Thom Hartmann of the Kos community and an independent pundit wrote about how billionaires are stealing from the rest of us. Many people, including myself, have known this is going on, though not knowing the details.
This is confirmed by Ashley St. Clair, former brand ambassador and mother to one of Elon Musks’ 14 kids. She created a series of TikTok videos and did a feature for The Washington Post describing the conservative influencer economy. She estimates “roughly 99 percent” of the largest influencers are compensated in some form with the amount locked behind nondisclosure agreements. And that doesn’t need to be disclosed because the content is “political” and not “commercial.” Thanks, Supreme Court!
When a point is pushed by a few big influencers it is picked up and echoed by the smaller ones, adding to the echo chamber.
Yeah, this is similar to a 2024 case of Putin funneling almost $10 million to influencers that promoted Kremlin interests. Hartmann noted that there is so much conservative money going to influencers Putin could plug into it with no one noticing.
The effort started with the Powell Memorandum of 1971, which I’ve mentioned a few times. It suggests that American business “had to build a permanent infrastructure of think tanks, media operations, scholars-on-call, colleges, and legal foundations to destroy New Deal programs like Social Security and union rights.”
And rich people responded, creating the Heritage Foundation, the Federalist Society, the CATO Institute, ALEC, Turning Point USA, Hillsdale College, and more.

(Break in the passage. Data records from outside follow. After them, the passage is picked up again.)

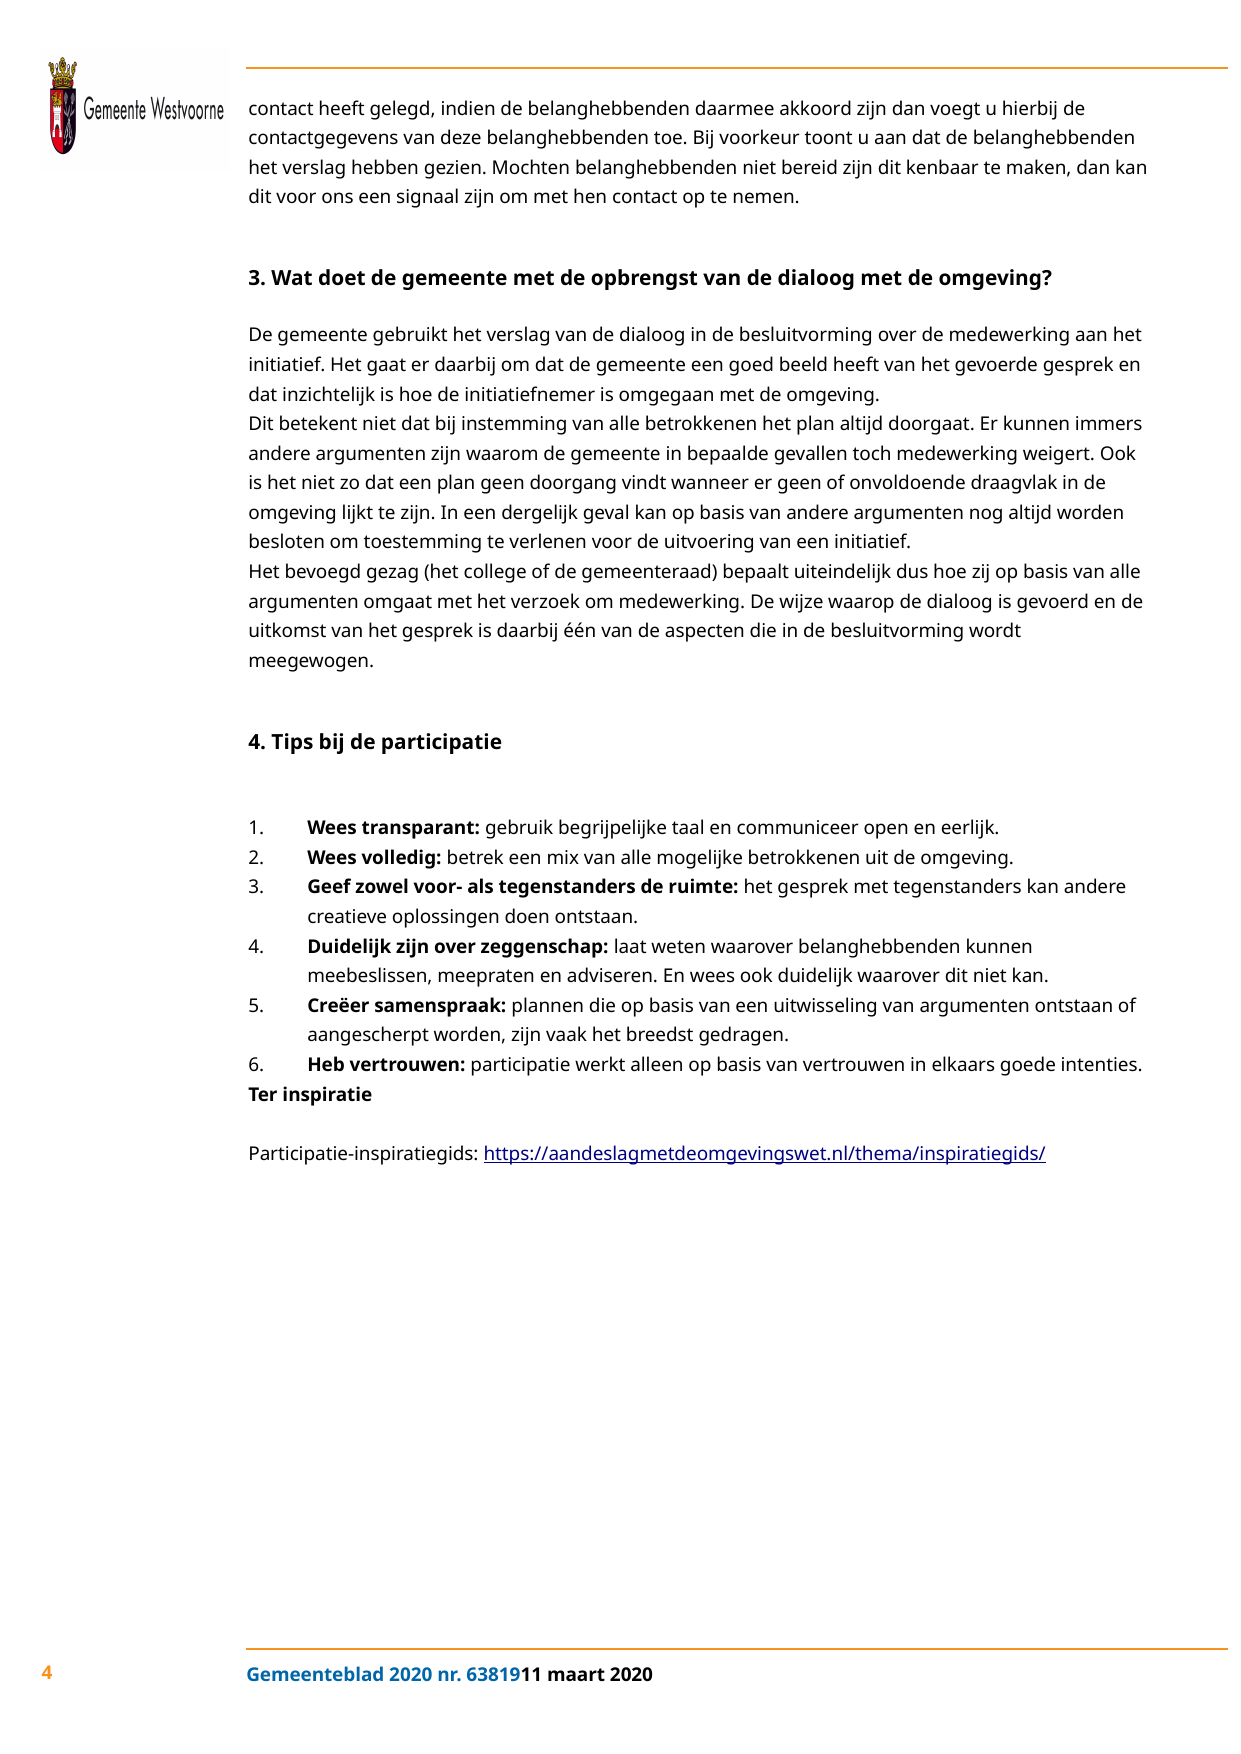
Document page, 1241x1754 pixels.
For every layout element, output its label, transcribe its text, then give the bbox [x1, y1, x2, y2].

text Het bevoegd gezag (het college of de gemeenteraad) bepaalt uiteindelijk dus hoe zij op basis van alle argumenten omgaat met het verzoek om medewerking. De wijze waarop de dialoog is gevoerd en de uitkomst van het gesprek is daarbij één van de aspecten die in de besluitvorming wordt meegewogen. [248, 558, 1152, 673]
list Wees volledig: betrek een mix van alle mogelijke betrokkenen uit de omgeving. [248, 844, 1152, 870]
list Heb vertrouwen: participatie werkt alleen op basis van vertrouwen in elkaars goede intenties. [248, 1051, 1152, 1077]
picture [41, 47, 231, 172]
list Geef zowel voor- als tegenstanders de ruimte: het gesprek met tegenstanders kan andere creatieve oplossingen doen ontstaan. [248, 874, 1152, 929]
text Participatie-inspiratiegids: https://aandeslagmetdeomgevingswet.nl/thema/inspiratiegids/ [248, 1140, 1152, 1166]
list Creëer samenspraak: plannen die op basis van een uitwisseling van argumenten ontstaan of aangescherpt worden, zijn vaak het breedst gedragen. [248, 992, 1152, 1047]
list Wees transparant: gebruik begrijpelijke taal en communiceer open en eerlijk. [248, 814, 1152, 840]
text 3. Wat doet de gemeente met de opbrengst van de dialoog met de omgeving? [248, 263, 1152, 292]
text contact heeft gelegd, indien de belanghebbenden daarmee akkoord zijn dan voegt u hierbij de contactgegevens van deze belanghebbenden toe. Bij voorkeur toont u aan dat de belanghebbenden het verslag hebben gezien. Mochten belanghebbenden niet bereid zijn dit kenbaar te maken, dan kan dit voor ons een signaal zijn om met hen contact op te nemen. [248, 95, 1152, 209]
text Dit betekent niet dat bij instemming van alle betrokkenen het plan altijd doorgaat. Er kunnen immers andere argumenten zijn waarom de gemeente in bepaalde gevallen toch medewerking weigert. Ook is het niet zo dat een plan geen doorgang vindt wanneer er geen of onvoldoende draagvlak in de omgeving lijkt te zijn. In een dergelijk geval kan op basis van andere argumenten nog altijd worden besloten om toestemming te verlenen voor de uitvoering van een initiatief. [248, 410, 1152, 554]
text Ter inspiratie [248, 1081, 1152, 1107]
text De gemeente gebruikt het verslag van de dialoog in de besluitvorming over de medewerking aan het initiatief. Het gaat er daarbij om dat de gemeente een goed beeld heeft van het gevoerde gesprek en dat inzichtelijk is hoe de initiatiefnemer is omgegaan met de omgeving. [248, 322, 1152, 406]
text 4. Tips bij de participatie [248, 727, 1152, 755]
list Duidelijk zijn over zeggenschap: laat weten waarover belanghebbenden kunnen meebeslissen, meepraten en adviseren. En wees ook duidelijk waarover dit niet kan. [248, 933, 1152, 988]

And these groups fund the influencers.
The money pays for a constant flow of messages saying such things as:
+ Working class white people should be afraid of Black and Hispanic people.

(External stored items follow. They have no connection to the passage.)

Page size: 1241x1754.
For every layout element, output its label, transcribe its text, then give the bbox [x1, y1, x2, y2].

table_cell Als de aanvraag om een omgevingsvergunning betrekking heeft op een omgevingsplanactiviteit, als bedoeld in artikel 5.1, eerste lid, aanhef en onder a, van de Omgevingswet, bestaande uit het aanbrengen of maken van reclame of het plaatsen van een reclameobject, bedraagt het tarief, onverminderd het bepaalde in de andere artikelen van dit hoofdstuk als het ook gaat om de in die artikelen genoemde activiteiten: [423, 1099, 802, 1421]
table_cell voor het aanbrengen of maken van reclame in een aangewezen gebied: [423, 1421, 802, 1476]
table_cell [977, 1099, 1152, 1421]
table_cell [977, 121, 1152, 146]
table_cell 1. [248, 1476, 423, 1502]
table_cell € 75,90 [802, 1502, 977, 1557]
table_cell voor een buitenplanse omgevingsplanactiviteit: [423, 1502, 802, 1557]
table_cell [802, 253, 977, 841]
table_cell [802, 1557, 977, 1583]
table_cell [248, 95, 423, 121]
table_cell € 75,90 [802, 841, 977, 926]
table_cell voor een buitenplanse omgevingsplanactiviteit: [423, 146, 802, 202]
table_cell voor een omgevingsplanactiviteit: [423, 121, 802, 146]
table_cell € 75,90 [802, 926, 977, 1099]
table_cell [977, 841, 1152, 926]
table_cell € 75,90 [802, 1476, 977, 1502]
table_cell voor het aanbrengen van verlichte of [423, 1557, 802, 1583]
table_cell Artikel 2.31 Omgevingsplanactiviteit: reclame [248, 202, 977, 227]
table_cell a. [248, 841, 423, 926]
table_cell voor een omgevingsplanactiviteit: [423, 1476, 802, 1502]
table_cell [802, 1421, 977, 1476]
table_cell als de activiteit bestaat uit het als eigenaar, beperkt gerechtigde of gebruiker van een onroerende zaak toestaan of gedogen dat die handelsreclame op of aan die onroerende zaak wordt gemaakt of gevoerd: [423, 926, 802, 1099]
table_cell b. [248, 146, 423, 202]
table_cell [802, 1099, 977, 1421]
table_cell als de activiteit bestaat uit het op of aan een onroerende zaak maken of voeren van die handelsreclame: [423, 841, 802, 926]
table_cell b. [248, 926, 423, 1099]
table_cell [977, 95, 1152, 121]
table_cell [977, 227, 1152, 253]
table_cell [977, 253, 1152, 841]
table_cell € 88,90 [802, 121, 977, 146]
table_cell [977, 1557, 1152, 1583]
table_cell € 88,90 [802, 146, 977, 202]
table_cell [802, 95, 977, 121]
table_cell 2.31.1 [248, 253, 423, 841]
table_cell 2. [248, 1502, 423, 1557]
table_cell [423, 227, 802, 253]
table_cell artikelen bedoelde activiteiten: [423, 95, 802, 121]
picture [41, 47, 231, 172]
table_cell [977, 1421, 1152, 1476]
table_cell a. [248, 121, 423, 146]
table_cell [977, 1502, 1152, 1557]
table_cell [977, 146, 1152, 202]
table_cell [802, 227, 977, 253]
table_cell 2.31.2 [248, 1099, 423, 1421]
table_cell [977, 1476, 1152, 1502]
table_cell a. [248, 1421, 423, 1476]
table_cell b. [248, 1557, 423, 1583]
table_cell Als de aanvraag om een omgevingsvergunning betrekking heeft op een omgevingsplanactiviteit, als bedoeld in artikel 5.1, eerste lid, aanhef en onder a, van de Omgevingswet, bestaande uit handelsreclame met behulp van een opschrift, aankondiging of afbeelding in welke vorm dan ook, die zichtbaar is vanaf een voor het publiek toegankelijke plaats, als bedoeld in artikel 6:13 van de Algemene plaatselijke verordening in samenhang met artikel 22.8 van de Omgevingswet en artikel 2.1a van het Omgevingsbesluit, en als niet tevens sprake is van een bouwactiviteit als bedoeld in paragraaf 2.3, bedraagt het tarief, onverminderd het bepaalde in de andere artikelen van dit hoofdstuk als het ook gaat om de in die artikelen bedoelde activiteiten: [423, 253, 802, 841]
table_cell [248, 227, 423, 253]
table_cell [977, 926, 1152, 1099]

+ Women are stealing their jobs.
+ Gay and trans people are coming after their kids.
+ The “trickle down” theory really works, despite 45 years to the contrary.
+ Deregulation lowers prices.
+ Fossil fuels are essential and climate science is a hoax.

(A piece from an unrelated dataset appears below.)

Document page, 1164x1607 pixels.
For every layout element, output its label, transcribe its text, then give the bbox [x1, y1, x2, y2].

+ Russia and Israel are friends; Canada, Germany, and France are enemies.
It’s a deliberately constructed fog of lies and grievance, and it has one purpose: to keep us screaming at each other about bathrooms and brown-skinned invaders while the people writing the checks rob us blind.
One estimate is that since 1975 “$79 trillion has been ‘redistributed upward’ from the bottom 90 percent of Americans to the top 1 percent.” And in 2023 alone that was “$3.9 trillion, enough to give every working American a $32,000/year raise.”
That’s while we don’t have a national health care system, going to college means a lifetime of debt, our infrastructure is crumbling, and the climate crisis gets worse.
The rich and Republicans rely on this because if their actual policies, which caused all these problems and are widely unpopular, were known the political landscape would dramatically shift overnight. It should be a scandal.
And the next time somebody in your life forwards you a piece of viral right-wing outrage, ask them one simple question: who paid for that post?
The answer, more often than not, will be a rightwing billionaire or the fossil fuel, pharma, insurance, tech, or banking industry that made them rich. And once people know that, the spell starts to break.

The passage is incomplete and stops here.